## What you will do
Look at every line of the material below and tally those containing "name". Reply with the total alone.
----- Available data
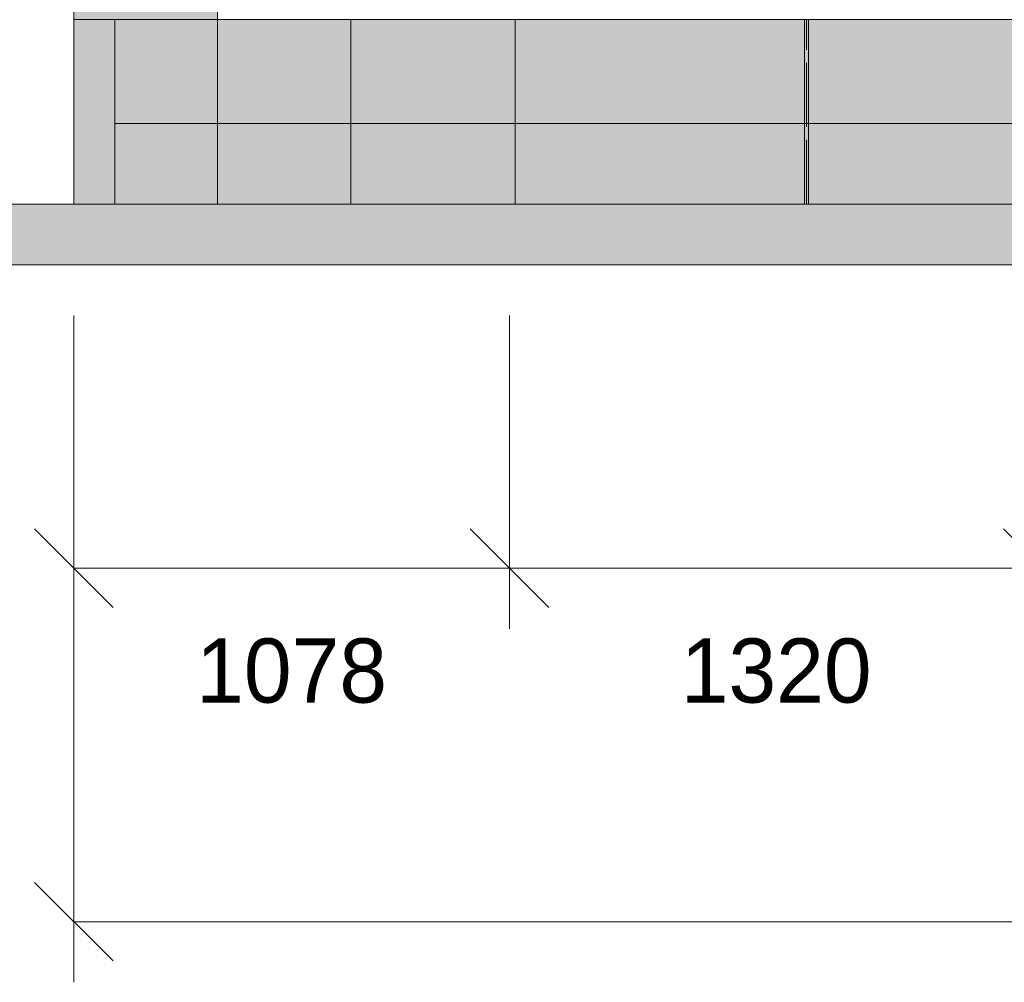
# Model space of a CAD drawing. Header units: millimetres. Extents: x 17 to 413, y 4 to 292.
# Tile 33 of 60: x 183 to 203, y 116 to 136. Entities that reach past the tile are written whole.
import ezdxf
from ezdxf.enums import TextEntityAlignment as Align

# ---------------------------------------------------------------- set-up
doc = ezdxf.new("R2010")
doc.units = ezdxf.units.MM
doc.linetypes.add('DASHED', pattern=[1.524, 1.27, -0.254])
for name, color, linetype in [('FILL-EPS', 7, 'Continuous'), ('FILL-LIGHT', 7, 'Continuous'), ('LINE-C_2E8C94', 7, 'Continuous'), ('LINE-C_337880', 7, 'Continuous'), ('LINE-INK', 7, 'Continuous'), ('LINE-STEEL_GREY', 7, 'Continuous'), ('LINE-TEAL_DK-DASH', 7, 'DASHED'), ('TEXT-INK', 7, 'Continuous')]:
    doc.layers.add(name, color=color, linetype=linetype)

msp = doc.modelspace()

# ---------------------------------------------------------------- hatches: boundary and pattern name
at = {"layer": 'FILL-EPS', "true_color": 0xccffff}
h = msp.add_hatch(color=7, dxfattribs=at)
h.dxf.hatch_style = 1
h.paths.add_polyline_path([(184.49, 157.455), (187.335, 157.455), (187.337, 157.455), (187.337, 135.51), (187.337, 135.51), (187.337, 135.497), (187.337, 135.497), (187.335, 135.51), (184.49, 135.51)])
h = msp.add_hatch(color=7, dxfattribs=at)
h.dxf.hatch_style = 1
h.paths.add_polyline_path([(184.49, 131.852), (184.49, 135.51), (187.337, 135.51), (187.337, 131.852)])
h = msp.add_hatch(color=7, dxfattribs=at)
h.dxf.hatch_style = 1
h.paths.add_polyline_path([(184.49, 131.852), (184.49, 135.51), (185.303, 135.51), (185.303, 131.852)])
h = msp.add_hatch(color=7, dxfattribs=at)
h.dxf.hatch_style = 1
h.paths.add_polyline_path([(184.49, 135.51), (185.303, 135.51), (185.303, 131.852), (184.49, 131.852)])
h = msp.add_hatch(color=7, dxfattribs=at)
h.dxf.hatch_style = 1
h.paths.add_polyline_path([(184.49, 135.51), (185.303, 135.51), (185.303, 131.852), (184.49, 131.852)])
h = msp.add_hatch(color=7, dxfattribs=at)
h.dxf.hatch_style = 1
h.paths.add_polyline_path([(184.49, 131.852), (184.49, 135.51), (185.303, 135.51), (185.303, 131.852)])
h = msp.add_hatch(color=7, dxfattribs=at)
h.dxf.hatch_style = 1
h.paths.add_polyline_path([(184.49, 135.51), (187.337, 135.51), (187.337, 131.852), (184.49, 131.852)])
h = msp.add_hatch(color=7, dxfattribs=at)
h.dxf.hatch_style = 1
h.paths.add_polyline_path([(185.303, 135.51), (187.337, 135.51), (187.337, 131.852), (185.303, 131.852)])
h = msp.add_hatch(color=7, dxfattribs=at)
h.dxf.hatch_style = 1
h.paths.add_polyline_path([(185.303, 131.852), (185.303, 135.51), (187.337, 135.51), (187.337, 131.852)])
h = msp.add_hatch(color=7, dxfattribs=at)
h.dxf.hatch_style = 1
h.paths.add_polyline_path([(187.337, 131.852), (187.337, 135.51), (279.663, 135.51), (279.663, 131.852)])
h = msp.add_hatch(color=7, dxfattribs=at)
h.dxf.hatch_style = 1
h.paths.add_polyline_path([(187.337, 135.51), (279.663, 135.51), (279.663, 131.852), (187.337, 131.852)])
h = msp.add_hatch(color=7, dxfattribs=at)
h.dxf.hatch_style = 1
h.paths.add_polyline_path([(187.337, 131.852), (187.337, 135.51), (279.663, 135.51), (279.663, 131.852)])
h = msp.add_hatch(color=7, dxfattribs=at)
h.dxf.hatch_style = 1
h.paths.add_polyline_path([(187.337, 135.51), (279.663, 135.51), (279.663, 131.852), (187.337, 131.852)])
at = {"layer": 'FILL-LIGHT', "true_color": 0xdbdbde}
h = msp.add_hatch(color=254, dxfattribs=at)
h.dxf.hatch_style = 1
h.paths.add_polyline_path([(185.303, 135.51), (281.697, 135.51), (281.697, 133.452), (185.303, 133.452)])
h = msp.add_hatch(color=254, dxfattribs=at)
h.dxf.hatch_style = 1
h.paths.add_polyline_path([(185.303, 133.452), (185.303, 135.51), (281.697, 135.51), (281.697, 133.452)])
h = msp.add_hatch(color=254, dxfattribs=at)
h.dxf.hatch_style = 1
h.paths.add_polyline_path([(178.09, 131.852), (288.91, 131.852), (288.91, 130.652), (178.09, 130.652)])
h = msp.add_hatch(color=254, dxfattribs=at)
h.dxf.hatch_style = 1
h.paths.add_polyline_path([(178.09, 130.652), (178.09, 131.852), (288.91, 131.852), (288.91, 130.652)])

# ---------------------------------------------------------------- linework, layer by layer
at = {"layer": 'LINE-C_2E8C94', "lineweight": 5}
for points in [[(184.49, 157.455), (184.49, 157.455), (187.335, 157.455), (187.335, 157.455), (187.337, 157.455), (187.337, 135.51), (187.337, 135.51), (187.337, 135.51), (187.337, 135.497), (187.337, 135.497), (187.335, 135.51), (184.49, 135.51)], [(184.49, 131.852), (184.49, 135.51), (187.337, 135.51), (187.337, 131.852), (184.49, 131.852)], [(184.49, 131.852), (184.49, 135.51), (185.303, 135.51), (185.303, 131.852), (184.49, 131.852)], [(184.49, 135.51), (184.49, 135.51), (184.49, 135.51), (184.49, 135.51), (185.303, 135.51), (185.303, 131.852), (185.303, 131.852), (185.303, 131.852), (185.303, 131.852), (185.303, 131.852), (184.49, 131.852)], [(184.49, 135.51), (184.49, 135.51), (184.49, 135.51), (184.49, 135.51), (185.303, 135.51), (185.303, 131.852), (185.303, 131.852), (185.303, 131.852), (185.303, 131.852), (185.303, 131.852), (184.49, 131.852)], [(184.49, 131.852), (184.49, 135.51), (185.303, 135.51), (185.303, 131.852), (184.49, 131.852)], [(184.49, 135.51), (187.337, 135.51), (187.337, 131.852), (184.49, 131.852), (184.49, 135.51)], [(185.303, 135.51), (187.337, 135.51), (187.337, 131.852), (187.337, 131.852), (187.337, 131.852), (185.303, 131.852), (185.303, 135.51)], [(185.303, 131.852), (185.303, 135.51), (187.337, 135.51), (187.337, 135.51), (187.337, 131.852)], [(187.337, 131.852), (187.337, 135.51), (279.663, 135.51), (279.663, 135.51), (279.663, 131.852)], [(187.337, 135.51), (279.663, 135.51), (279.663, 131.852), (187.337, 131.852), (187.337, 135.51)], [(187.337, 131.852), (187.337, 135.51), (279.663, 135.51), (279.663, 131.852)], [(187.337, 135.51), (279.663, 135.51), (279.663, 131.852), (187.337, 131.852), (187.337, 135.51)]]:
    msp.add_lwpolyline(points, close=True, dxfattribs=at)
at = {"layer": 'LINE-C_337880', "lineweight": 5}
for p, q in [((189.977, 131.86), (189.977, 135.502)), ((189.977, 131.86), (189.977, 135.502)), ((193.228, 131.86), (193.228, 135.502)), ((193.228, 131.86), (193.228, 135.502)), ((198.956, 131.86), (198.956, 135.502)), ((198.956, 131.86), (198.956, 135.502)), ((199.032, 131.86), (199.032, 135.502)), ((199.032, 131.86), (199.032, 135.502))]:
    msp.add_line(p, q, dxfattribs=at)
at = {"layer": 'LINE-INK', "lineweight": 5}
for p, q in [((184.49, 129.652), (184.49, 123.452)), ((184.49, 129.652), (184.49, 116.452)), ((193.114, 129.652), (193.114, 123.452)), ((183.713, 125.43), (185.268, 123.874)), ((192.337, 125.43), (193.892, 123.874)), ((202.897, 125.43), (204.452, 123.874)), ((184.49, 124.652), (282.514, 124.652)), ((183.713, 118.43), (185.268, 116.874)), ((184.49, 117.652), (282.514, 117.652))]:
    msp.add_line(p, q, dxfattribs=at)
at = {"layer": 'LINE-STEEL_GREY', "lineweight": 5}
for points in [[(185.303, 135.51), (281.697, 135.51), (281.697, 133.452), (185.303, 133.452)], [(185.303, 133.452), (185.303, 135.51), (281.697, 135.51), (281.697, 135.51), (281.697, 133.452), (185.303, 133.452)], [(178.09, 131.852), (288.91, 131.852), (288.91, 130.652), (178.09, 130.652)], [(178.09, 130.652), (178.09, 131.852), (288.91, 131.852), (288.91, 130.652)]]:
    msp.add_lwpolyline(points, close=True, dxfattribs=at)
at = {"layer": 'LINE-TEAL_DK-DASH', "lineweight": 5}
msp.add_line((198.994, 131.86), (198.994, 135.502), dxfattribs=at)
msp.add_line((198.994, 131.86), (198.994, 135.502), dxfattribs=at)

# ---------------------------------------------------------------- texts
at = {"layer": 'TEXT-INK'}
for s, p in [('1078', (188.802, 121.988)), ('1320', (198.394, 121.988))]:
    msp.add_text(s, height=1.27, dxfattribs=at).set_placement(p, align=Align.CENTER)

doc.saveas('drawing.dxf')
----------
## Written response
3